One theory among Russia watchers is that China is closely monitoring Russia’s response. Washington and Europe on Ukraine to gauge what could happen if it acts against Taiwan. Hodges sees it as a risk: “If we, with our combined diplomatic and economic power, as well as military power, cannot stop the President of the Russian Federation from doing something that is so obviously illegal, wrong and aggressive, then I don’t think President Xi is going to be very impressed by anything we say about Taiwan or the East China Sea.”
Russian presence in Latin America
Senior Russian officials have warned that Moscow could deploy troops or military assets to Cuba and Venezuela. The threats are vague, although Russia maintains a close relationship with both nations, as well as Nicaragua. U.S. national security adviser Jake Sullivan dismissed that idea, and regional and global experts see it as a strategy that likely won’t accomplish much beyond dividing the forces Russia needs elsewhere, and is therefore unlikely to happen. .

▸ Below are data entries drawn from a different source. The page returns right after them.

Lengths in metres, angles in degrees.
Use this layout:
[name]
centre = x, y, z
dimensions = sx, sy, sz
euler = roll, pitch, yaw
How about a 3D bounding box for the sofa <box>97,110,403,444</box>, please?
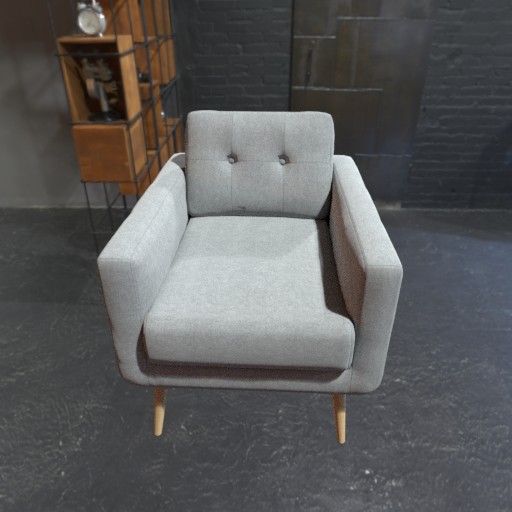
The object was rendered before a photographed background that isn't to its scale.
[sofa]
centre = 0.000, 0.000, 1.545
dimensions = 0.770, 0.860, 0.920
euler = 1, 30, 3

A more likely scenario is that Russia reinforces its already extensive propaganda and disinformation efforts to sharpen divisions in Latin America and elsewhere, including the United States..
A diplomatic solution
That the current confrontation ends in invasion is not a foregone conclusion. Although the Biden administration said it would not give in to Russian security demands, it appears there is still room for diplomacy. Russian Foreign Minister Sergei Lavrov said Thursday that the US response “gives hope for the start of a serious conversation on secondary issues.”
France, Germany, Ukraine and Russia have agreed to sit down for talks in two weeks, an initiative that seeks to revive the 2015 agreement to ease the conflict in eastern Ukraine. Some fear this will complicate attempts by Washington and NATO to present a united front against Russia.
A withdrawal might be good for the world, but it could come at a high cost for Putin, Russian journalist Yulia Latynina said in an essay published in the New York Times on Friday. He stated that the president could have launched a riot with the movement of troops to make the United States and Europe renounce any rapprochement with Kiev. “Instead of trapping the United States, Mr. Putin has trapped himself,” he wrote. “Caught between armed conflict and humiliating retreat, he is seeing his room for maneuver shrink to nothing.”